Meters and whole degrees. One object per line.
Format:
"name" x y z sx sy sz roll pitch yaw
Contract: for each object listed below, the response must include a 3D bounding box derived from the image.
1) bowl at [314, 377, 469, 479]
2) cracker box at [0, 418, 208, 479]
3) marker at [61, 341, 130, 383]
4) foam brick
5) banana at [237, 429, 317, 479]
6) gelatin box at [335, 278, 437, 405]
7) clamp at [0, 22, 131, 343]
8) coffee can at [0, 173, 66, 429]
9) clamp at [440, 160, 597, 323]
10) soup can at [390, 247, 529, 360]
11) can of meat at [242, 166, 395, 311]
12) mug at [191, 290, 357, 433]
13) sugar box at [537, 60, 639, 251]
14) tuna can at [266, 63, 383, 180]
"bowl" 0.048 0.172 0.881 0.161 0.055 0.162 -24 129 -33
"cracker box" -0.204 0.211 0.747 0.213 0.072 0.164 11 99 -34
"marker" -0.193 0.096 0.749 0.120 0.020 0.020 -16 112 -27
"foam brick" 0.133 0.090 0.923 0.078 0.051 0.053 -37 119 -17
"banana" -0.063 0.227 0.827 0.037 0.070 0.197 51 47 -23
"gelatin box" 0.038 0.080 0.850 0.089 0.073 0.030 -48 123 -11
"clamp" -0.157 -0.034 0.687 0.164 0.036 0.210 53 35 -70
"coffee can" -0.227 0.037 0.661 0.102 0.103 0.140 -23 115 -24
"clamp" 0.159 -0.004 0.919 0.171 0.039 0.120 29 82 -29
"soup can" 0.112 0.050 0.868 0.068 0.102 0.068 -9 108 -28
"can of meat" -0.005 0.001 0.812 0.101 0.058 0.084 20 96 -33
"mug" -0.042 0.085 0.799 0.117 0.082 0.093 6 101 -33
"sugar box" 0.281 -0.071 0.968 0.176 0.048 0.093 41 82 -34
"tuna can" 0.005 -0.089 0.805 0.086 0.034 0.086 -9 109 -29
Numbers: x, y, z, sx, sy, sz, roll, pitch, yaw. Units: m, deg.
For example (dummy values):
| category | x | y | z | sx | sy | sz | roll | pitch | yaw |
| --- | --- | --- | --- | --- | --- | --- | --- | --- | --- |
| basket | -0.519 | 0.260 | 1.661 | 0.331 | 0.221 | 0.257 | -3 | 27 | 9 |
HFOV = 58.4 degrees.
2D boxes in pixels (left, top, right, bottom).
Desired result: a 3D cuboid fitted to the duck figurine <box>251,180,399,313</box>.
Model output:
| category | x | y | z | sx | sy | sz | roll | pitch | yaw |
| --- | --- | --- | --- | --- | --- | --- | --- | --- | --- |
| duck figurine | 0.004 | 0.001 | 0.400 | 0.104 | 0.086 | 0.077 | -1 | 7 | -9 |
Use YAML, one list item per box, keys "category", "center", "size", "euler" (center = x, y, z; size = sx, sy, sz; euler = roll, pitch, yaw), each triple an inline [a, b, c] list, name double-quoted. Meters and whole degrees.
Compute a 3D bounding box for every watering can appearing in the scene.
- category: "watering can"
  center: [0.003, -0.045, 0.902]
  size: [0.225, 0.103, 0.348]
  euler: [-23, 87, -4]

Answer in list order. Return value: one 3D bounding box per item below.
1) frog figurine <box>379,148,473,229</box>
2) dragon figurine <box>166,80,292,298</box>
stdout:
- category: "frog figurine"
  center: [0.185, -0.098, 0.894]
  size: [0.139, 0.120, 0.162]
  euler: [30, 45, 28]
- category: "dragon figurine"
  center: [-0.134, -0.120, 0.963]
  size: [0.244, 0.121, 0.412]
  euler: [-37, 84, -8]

______________________________

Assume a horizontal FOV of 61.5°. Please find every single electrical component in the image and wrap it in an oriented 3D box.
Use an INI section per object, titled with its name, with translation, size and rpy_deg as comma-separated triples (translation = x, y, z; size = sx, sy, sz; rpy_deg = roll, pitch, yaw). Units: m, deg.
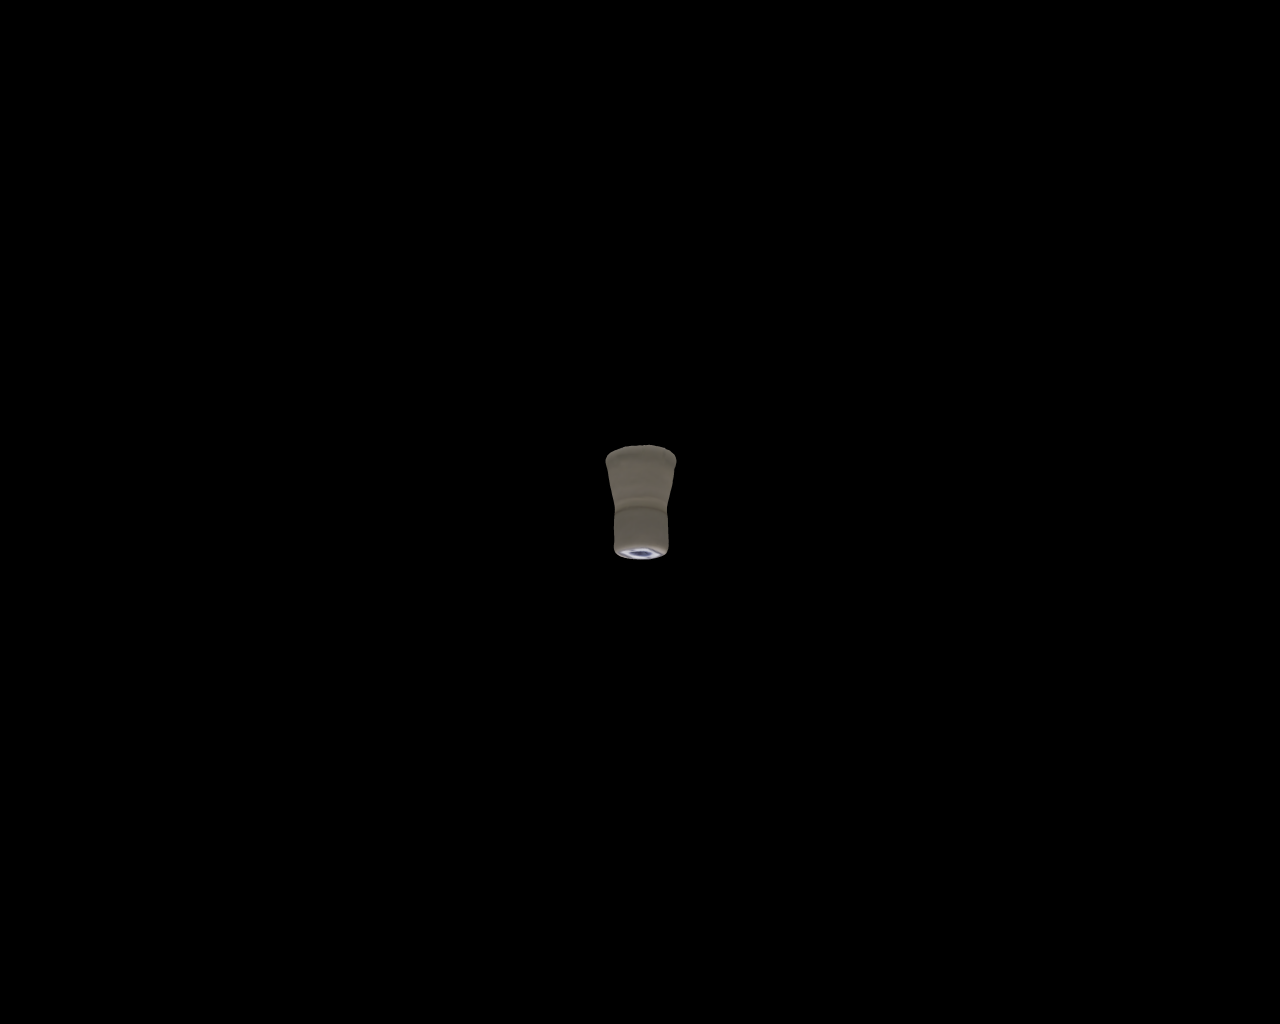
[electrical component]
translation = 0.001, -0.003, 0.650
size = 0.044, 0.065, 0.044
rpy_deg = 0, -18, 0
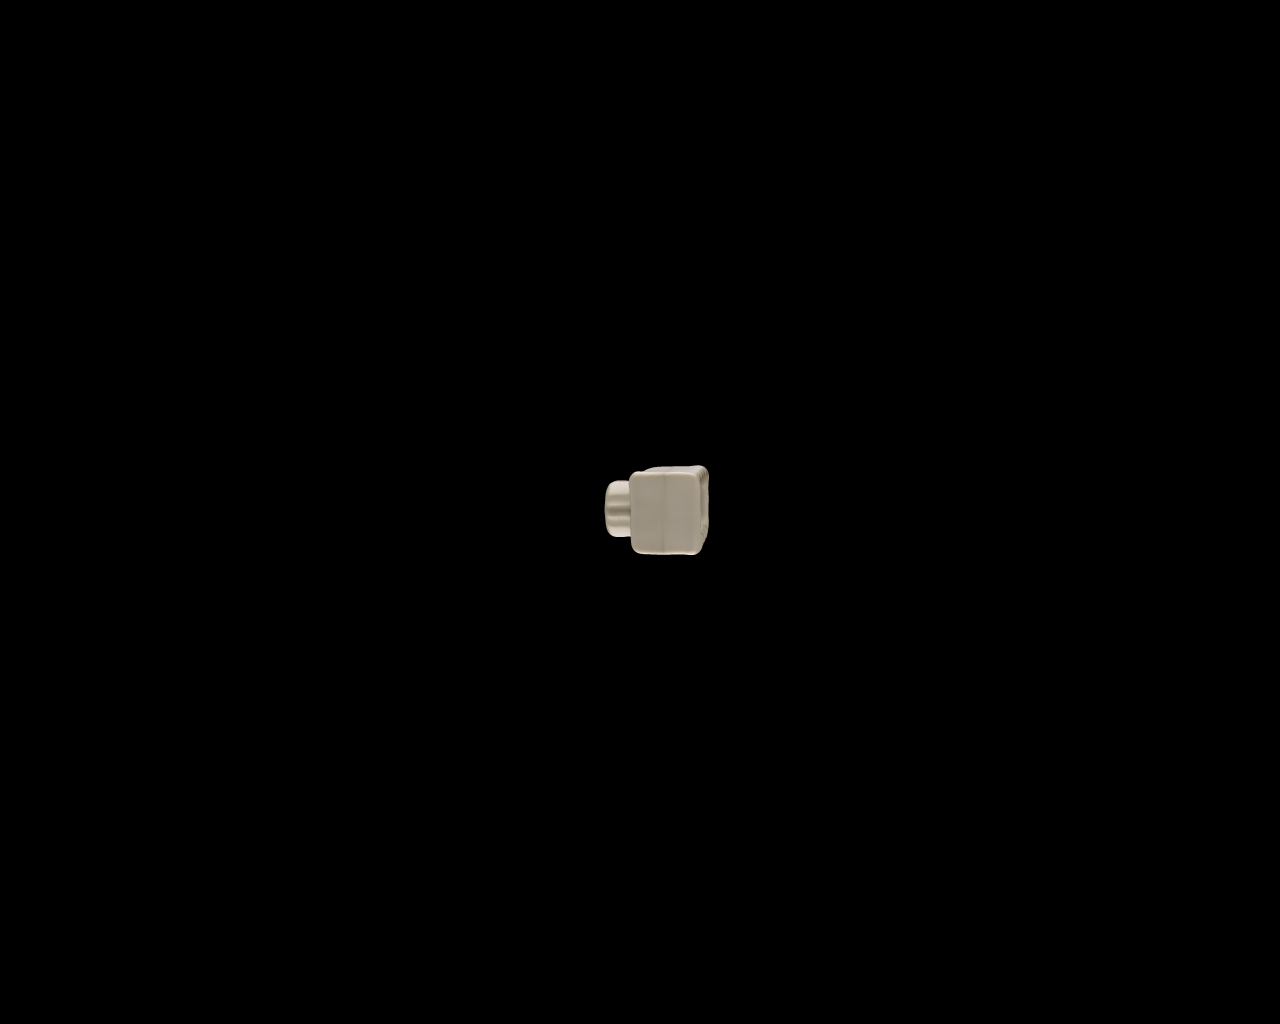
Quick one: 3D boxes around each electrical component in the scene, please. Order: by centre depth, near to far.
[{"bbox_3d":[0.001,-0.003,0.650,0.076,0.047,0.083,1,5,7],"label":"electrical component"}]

______________________________

Only one stretch of the data above is needed. Restate it word for word, from the line containing "HFOV = 58.4 degrees." through the line containing "Desired result: a", both ends included.

HFOV = 58.4 degrees.
2D boxes in pixels (left, top, right, bottom).
Desired result: a 3D cuboid fitted to the duck figurine <box>251,180,399,313</box>.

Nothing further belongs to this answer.